▶ **DATASET RECORDS**

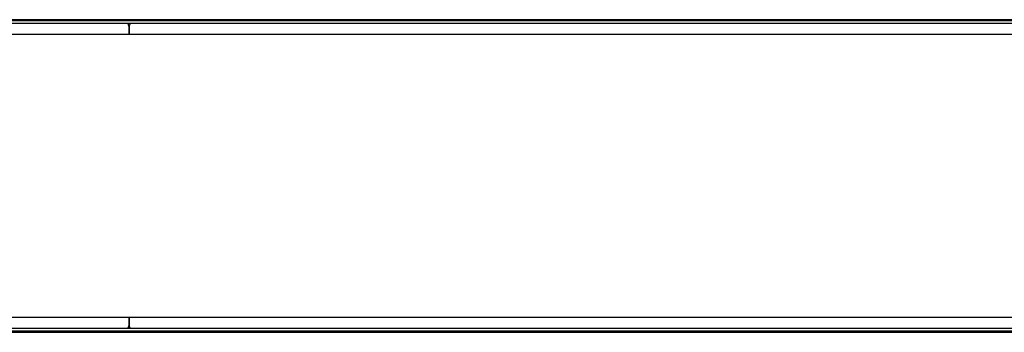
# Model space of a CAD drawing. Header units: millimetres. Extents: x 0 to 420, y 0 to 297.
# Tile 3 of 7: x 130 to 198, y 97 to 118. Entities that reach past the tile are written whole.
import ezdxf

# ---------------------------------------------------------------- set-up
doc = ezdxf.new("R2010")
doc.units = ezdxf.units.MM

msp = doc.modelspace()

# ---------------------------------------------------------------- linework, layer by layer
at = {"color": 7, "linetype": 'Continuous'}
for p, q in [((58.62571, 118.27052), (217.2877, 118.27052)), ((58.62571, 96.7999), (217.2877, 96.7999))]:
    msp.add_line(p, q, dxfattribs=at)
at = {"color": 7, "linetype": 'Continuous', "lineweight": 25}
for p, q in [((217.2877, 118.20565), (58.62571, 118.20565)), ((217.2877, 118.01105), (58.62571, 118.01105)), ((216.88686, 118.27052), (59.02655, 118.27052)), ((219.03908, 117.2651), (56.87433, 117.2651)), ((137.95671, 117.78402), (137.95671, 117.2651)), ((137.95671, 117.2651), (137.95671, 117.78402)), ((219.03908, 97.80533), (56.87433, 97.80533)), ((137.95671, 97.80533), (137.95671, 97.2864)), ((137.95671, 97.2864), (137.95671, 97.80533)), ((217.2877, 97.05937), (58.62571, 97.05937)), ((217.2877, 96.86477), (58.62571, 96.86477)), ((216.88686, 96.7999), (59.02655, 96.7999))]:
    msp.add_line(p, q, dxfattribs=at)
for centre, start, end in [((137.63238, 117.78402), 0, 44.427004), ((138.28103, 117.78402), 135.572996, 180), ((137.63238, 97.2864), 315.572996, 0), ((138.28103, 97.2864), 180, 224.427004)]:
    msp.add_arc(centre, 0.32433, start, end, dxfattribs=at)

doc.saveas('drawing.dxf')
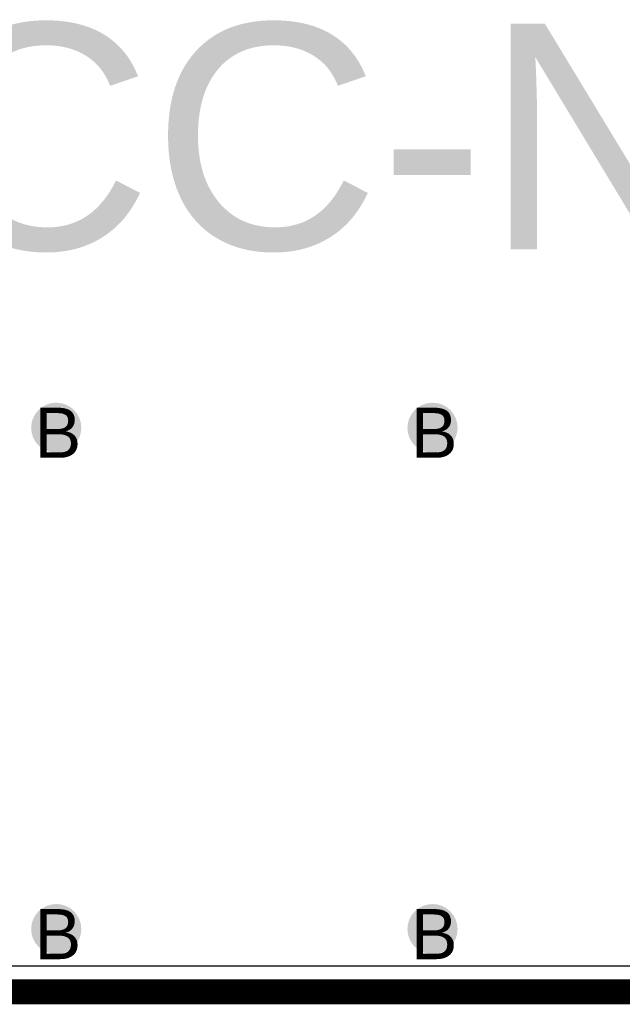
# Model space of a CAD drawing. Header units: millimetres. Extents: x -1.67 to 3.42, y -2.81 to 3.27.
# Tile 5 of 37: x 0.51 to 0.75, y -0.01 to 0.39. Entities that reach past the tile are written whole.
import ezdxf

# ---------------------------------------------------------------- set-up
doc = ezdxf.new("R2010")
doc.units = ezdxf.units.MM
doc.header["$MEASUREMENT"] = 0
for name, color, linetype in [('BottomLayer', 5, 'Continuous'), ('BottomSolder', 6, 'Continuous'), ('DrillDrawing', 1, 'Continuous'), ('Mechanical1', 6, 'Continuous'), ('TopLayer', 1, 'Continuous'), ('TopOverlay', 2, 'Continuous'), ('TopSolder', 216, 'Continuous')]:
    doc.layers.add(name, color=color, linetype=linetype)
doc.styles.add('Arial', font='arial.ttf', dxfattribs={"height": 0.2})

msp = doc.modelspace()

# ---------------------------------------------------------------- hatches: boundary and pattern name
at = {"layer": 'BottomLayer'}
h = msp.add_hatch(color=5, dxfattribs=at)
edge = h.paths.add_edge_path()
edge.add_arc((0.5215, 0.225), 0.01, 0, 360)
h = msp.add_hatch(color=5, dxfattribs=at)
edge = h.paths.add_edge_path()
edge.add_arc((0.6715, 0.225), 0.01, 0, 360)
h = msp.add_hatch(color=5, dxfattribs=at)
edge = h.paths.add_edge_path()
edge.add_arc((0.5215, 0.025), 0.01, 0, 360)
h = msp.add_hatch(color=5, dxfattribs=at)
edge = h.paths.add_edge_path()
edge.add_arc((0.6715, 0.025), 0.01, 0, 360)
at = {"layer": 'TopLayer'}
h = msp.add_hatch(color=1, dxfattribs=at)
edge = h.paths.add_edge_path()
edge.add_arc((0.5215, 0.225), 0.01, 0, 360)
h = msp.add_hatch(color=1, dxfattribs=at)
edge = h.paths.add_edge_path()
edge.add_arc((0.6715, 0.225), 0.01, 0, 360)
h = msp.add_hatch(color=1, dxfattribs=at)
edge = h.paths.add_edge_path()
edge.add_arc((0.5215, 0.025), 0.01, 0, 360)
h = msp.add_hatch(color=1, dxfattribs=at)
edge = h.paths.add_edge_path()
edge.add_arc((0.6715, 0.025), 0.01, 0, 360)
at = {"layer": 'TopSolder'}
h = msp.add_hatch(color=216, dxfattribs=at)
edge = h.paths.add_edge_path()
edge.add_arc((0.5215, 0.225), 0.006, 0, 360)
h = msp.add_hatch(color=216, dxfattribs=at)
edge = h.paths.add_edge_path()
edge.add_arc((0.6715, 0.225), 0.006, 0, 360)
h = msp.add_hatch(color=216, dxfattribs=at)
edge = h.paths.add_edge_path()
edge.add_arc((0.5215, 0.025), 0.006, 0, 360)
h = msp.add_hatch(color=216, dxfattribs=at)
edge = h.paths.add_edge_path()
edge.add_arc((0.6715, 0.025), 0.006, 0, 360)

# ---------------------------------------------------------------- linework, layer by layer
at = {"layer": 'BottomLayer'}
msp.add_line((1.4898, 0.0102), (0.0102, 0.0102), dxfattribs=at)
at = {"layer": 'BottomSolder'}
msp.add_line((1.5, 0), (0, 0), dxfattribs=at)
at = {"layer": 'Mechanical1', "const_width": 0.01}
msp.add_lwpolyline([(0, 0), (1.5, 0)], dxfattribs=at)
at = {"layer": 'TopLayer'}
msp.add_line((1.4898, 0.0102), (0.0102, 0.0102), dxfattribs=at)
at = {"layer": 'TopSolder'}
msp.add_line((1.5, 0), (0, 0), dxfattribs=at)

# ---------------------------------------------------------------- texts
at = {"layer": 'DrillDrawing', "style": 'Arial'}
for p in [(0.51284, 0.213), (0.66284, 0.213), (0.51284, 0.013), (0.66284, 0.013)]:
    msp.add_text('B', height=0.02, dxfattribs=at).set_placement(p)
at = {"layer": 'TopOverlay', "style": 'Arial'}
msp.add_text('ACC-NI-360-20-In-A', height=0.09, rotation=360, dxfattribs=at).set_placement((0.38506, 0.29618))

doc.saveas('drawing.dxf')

▶ **THE PROBLEM**
Find the lines in the data that include "TopOverlay", then copy each of them.

▶ **REPLY TO THE EXERCISE**
for name, color, linetype in [('BottomLayer', 5, 'Continuous'), ('BottomSolder', 6, 'Continuous'), ('DrillDrawing', 1, 'Continuous'), ('Mechanical1', 6, 'Continuous'), ('TopLayer', 1, 'Continuous'), ('TopOverlay', 2, 'Continuous'), ('TopSolder', 216, 'Continuous')]:
at = {"layer": 'TopOverlay', "style": 'Arial'}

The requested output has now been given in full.